Paris est devenu fou.
Je ne méconnais pas le processus de l'élection même si je regrette que la brillante NKM n'ait pas su relever le défi relatif que représentait la victoire sur la socialiste Anne Hidalgo dont on nous laisse entendre, ici ou là, que nous pourrions en 2022 la voir concourir pour la joute présidentielle.
Je ne néglige pas le fait qu'un maire ne peut pas tout faire et que sauf à être de mauvaise foi il est impossible de lui imputer globalement les nuisances, les dysfonctionnements, les blocages, les aberrations et les misères qu'au quotidien on constate ou qu'on découvrira.
Cela étant dit et ces précautions prises, il convient d'admettre que pas un jour ne se passe, dans notre belle capitale, sans qu'une forme de gestion totalitaire ou décalée ne nous conduise, d'étonnement en étonnement, vers une sorte de stupéfaction désolée ou indignée.
On a alors le droit de s'interroger sur ce qui, en amont des votes parfois obtenus dans la souffrance et de haute lutte, inspire, conçoit, projette et fasse réaliser. Sur ce petit monde dévastateur qui, autour du maire et avec elle, a une vision de Paris si singulière qu'il rêve d'un pluralisme inutile et ne se préoccupe pas d'un singulier douloureux, honteux.
Il y a eu Corée-sur-Seine dimanche dernier puis la piétonnisation des berges qui est acquise et subie. Mais le calice n'est pas encore bu jusqu'à la lie !
En effet un esprit original qui n'est autre que Bruno Julliard, le premier adjoint d'Anne Hidalgo, nous annonce qu'il y aura bientôt un camp pour les nudistes à Paris (Le Figaro).
Malgré le fait que cette manière très minoritaire et ostensible d'offrir son corps au su et au vu de tous a ses lieux, ses territoires, ses habitudes et ses fraternités en France et qu'elle ne me semble pas sacrifiée, je comprends bien l'intérêt capital de prolonger le mouvement et de donner aux rares qui n'ont pas envie de s'habiller un espace sans lequel ils auraient risqué d'être traumatisés !
Cette municipalité a un très grand coeur et j'admire ce souci qu'elle a d'installer et d'instiller une représentation minutieuse de tous les modes de vie en considérant que Paris aurait été gravement orphelin si n'avait pas été concédée à nos frères nudistes, à nos compatriotes à poil une zone qui leur serait entièrement dévolue.
Pour sortir de la dérision, notre modernité, chez certains, a-t-elle atteint une telle perversion paroxystique qu'elle soit prête à enfourcher n'importe quel combat, à soutenir n'importe quelle cause - même si personne ne l'a revendiquée - et à confondre la nécessaire égalité en dignité des comportements non transgressifs avec le prurit de leur donner à chacun une traduction concrète ?

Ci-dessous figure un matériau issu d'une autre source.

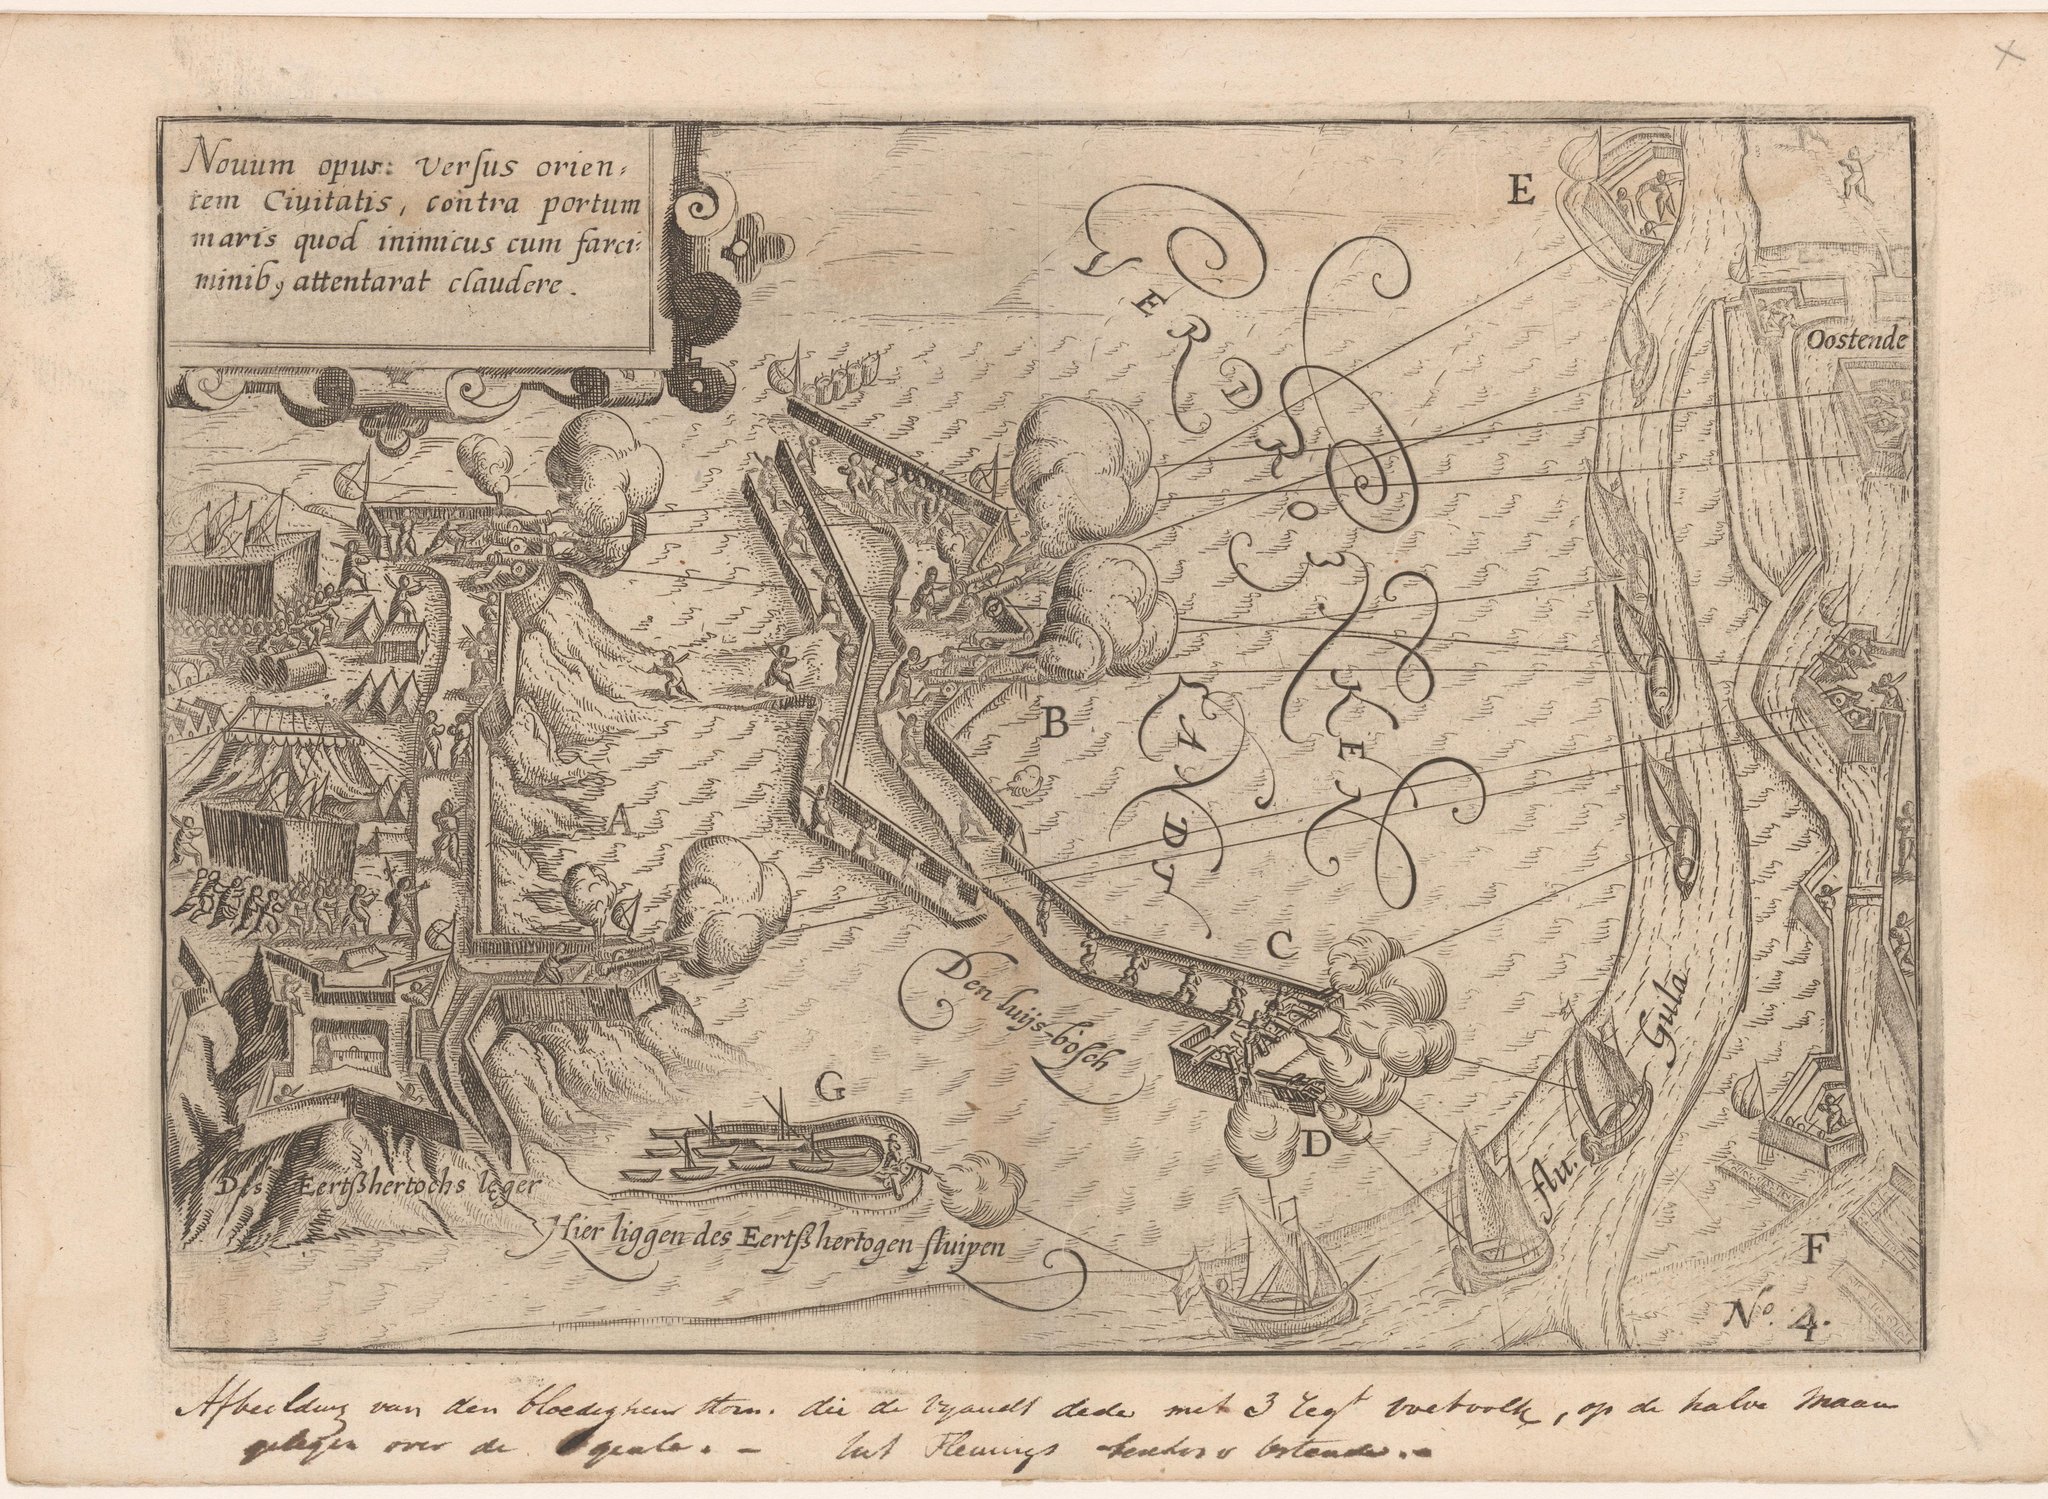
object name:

Un pluralisme inutile, de luxe. Et indécent.
En effet, remarquant chaque jour, et de plus en plus dans le métro, une pauvreté à la fois pathétique et lassante, usant de moyens divers pour attirer l'attention et susciter la générosité, quand le bruit infernal le permet, je l'avoue : "J'en ai assez". Je ne suis pas le seul à éprouver ce sentiment. On en a honte parce que ces singularités en détresse sont de véritables destinées en misère et en souffrance. Mais on n'est pas responsable de tout.
Sans se défausser, comment ne pas songer alors, dans la hiérarchie des inventions municipales, à la prédominance de celle qui estime de la plus extrême urgence de gratifier le nudisme à Paris quand aucune autre ne se soucie de combattre cette pauvreté qui s'accroît et dont l'incarnation est de plus en plus visible dans les rues, dans les campements sauvages et dans les transports ? Faut-il accepter à toute force cette scandaleuse contiguïté entre un fantasme délirant et superfétatoire et une réalité qui signe, chaque jour, l'impéritie d'une politique plus attachée à un pluralisme snob qu'à diminuer l'intolérable ?

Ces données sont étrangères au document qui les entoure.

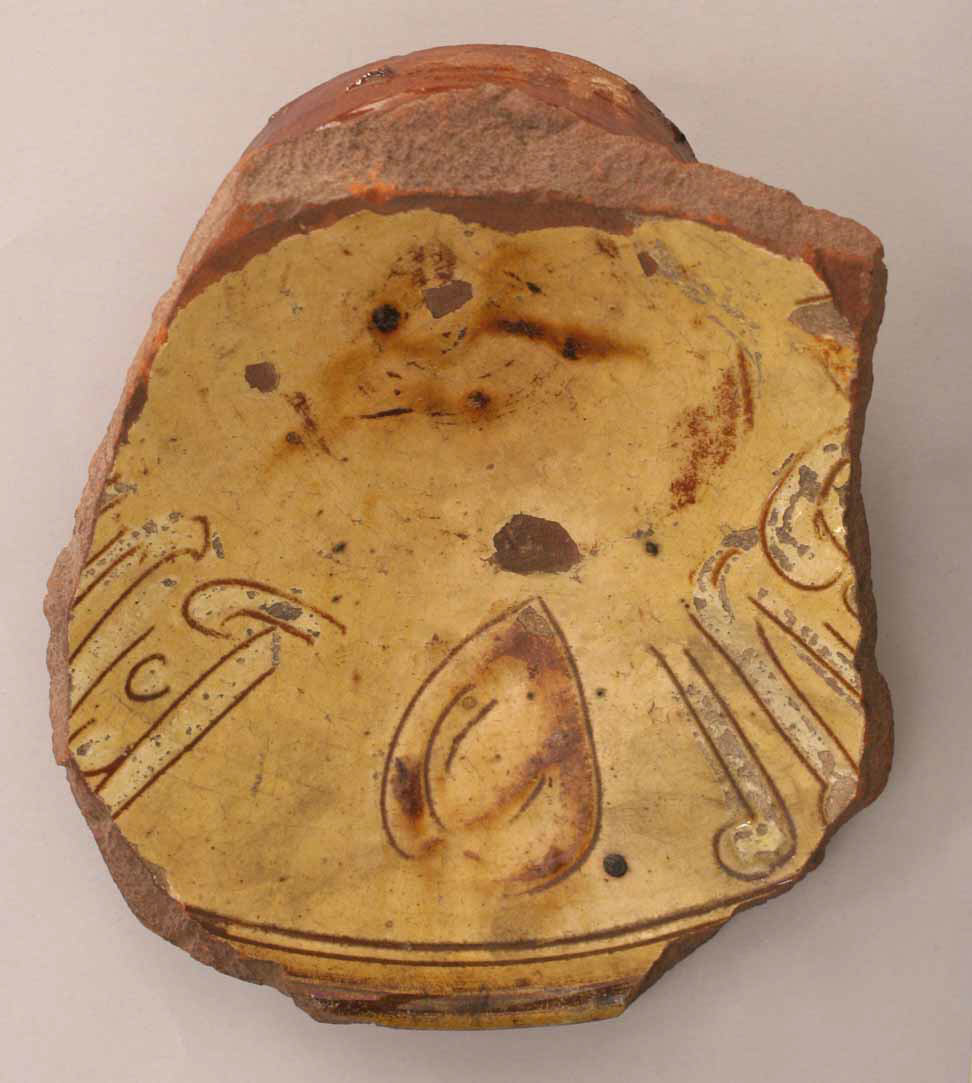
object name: fragment
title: Fragment of a Bowl
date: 1301-1500
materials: earthenware, glaze
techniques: coloring, incising
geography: egypt
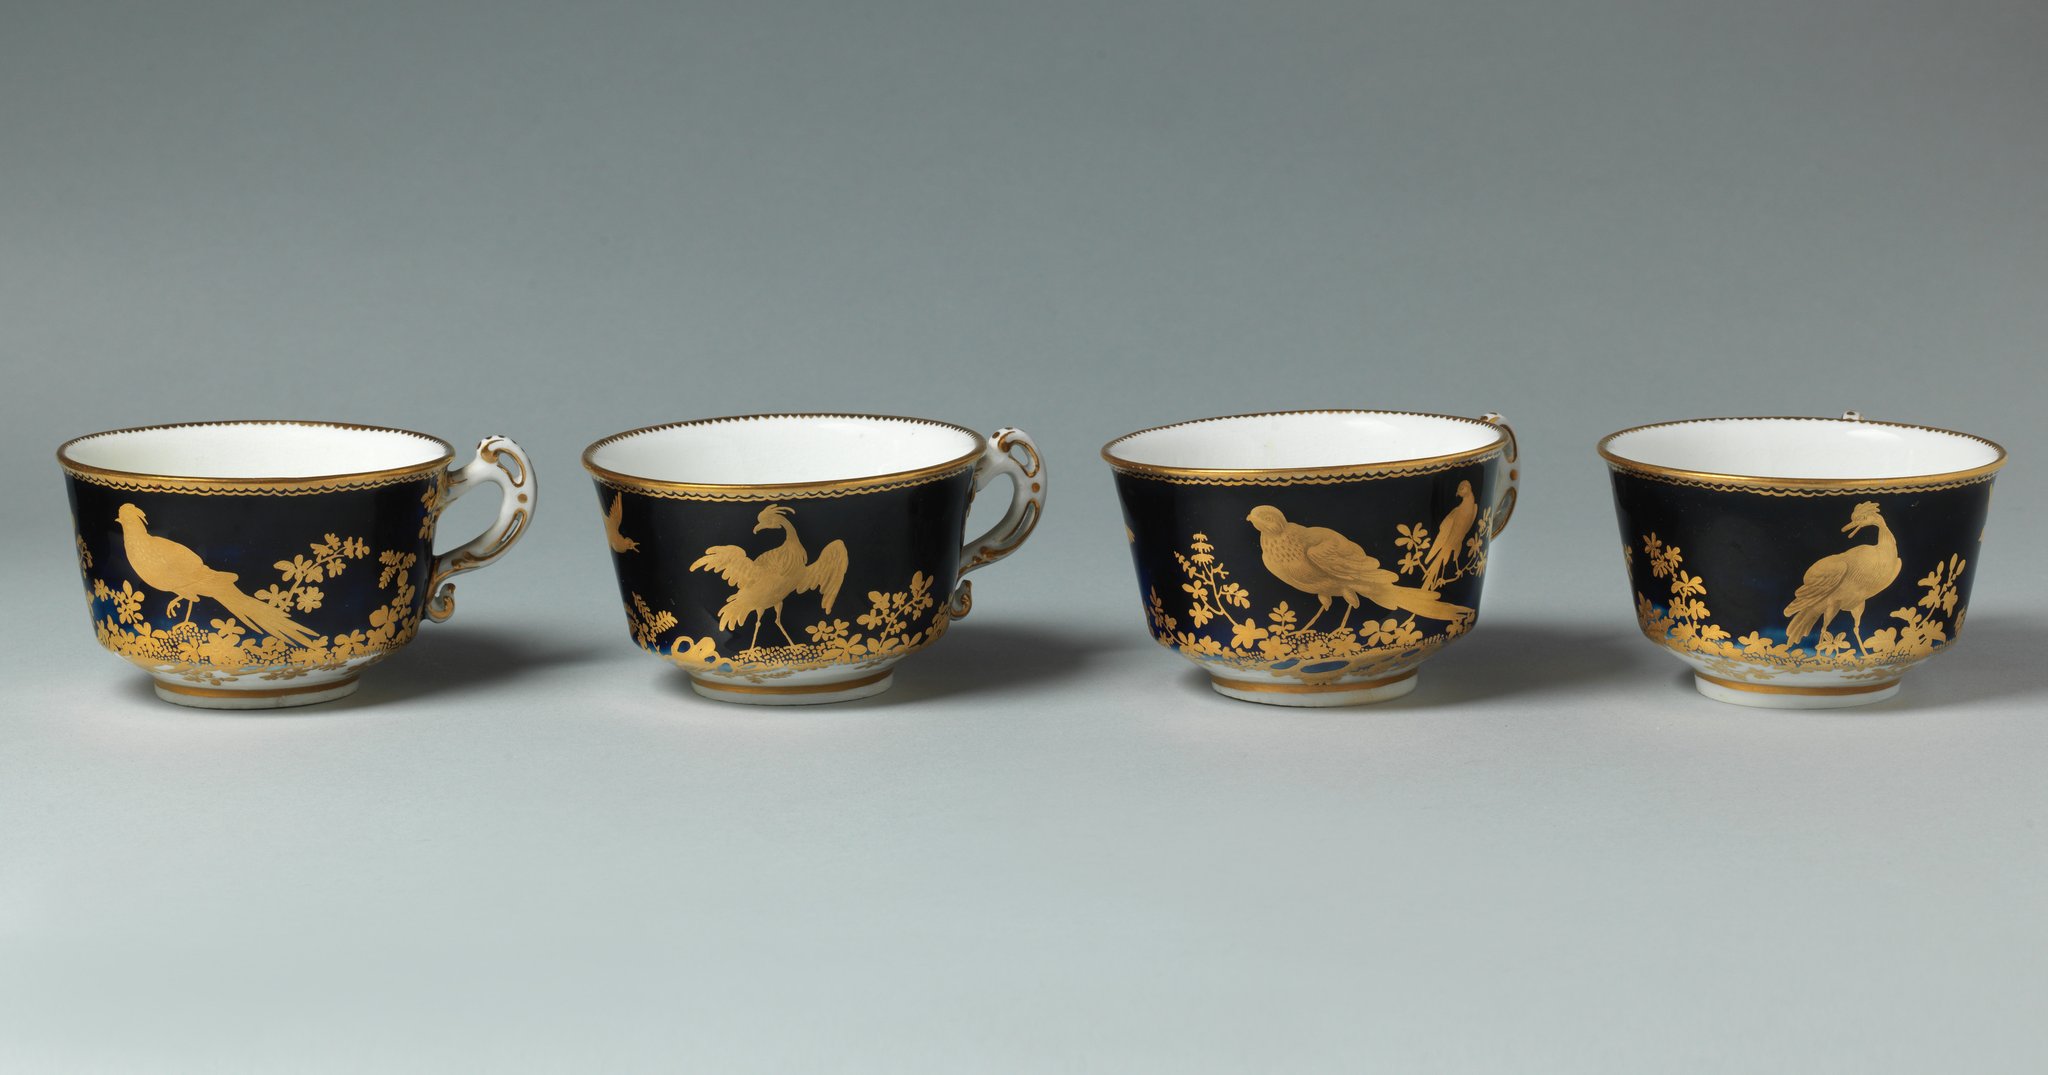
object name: teacup
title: Teacups (8) (part of a service)
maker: chelsea porcelain manufactory
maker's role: factory
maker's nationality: british
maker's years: 1744-1784
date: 1758-1769
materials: soft paste porcelain
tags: peacocks,pheasants

Il n'est pas abusif de mettre en évidence cette proximité et ce contraste entre le chic propre et le pauvre sale. Et d'en être saisi !
C'est Marie-Antoinette à Versailles avec sa brioche et les misérables à Paris !
Ubu Reine et sa Cour.
Quand l'une et l'autre, aussi autoritairement que pour le reste, nous solliciteront véritablement contre la pauvreté, j'en serai. Et une multitude avec moi.
Parce que ce sera de l'action, et pas de la frivolité.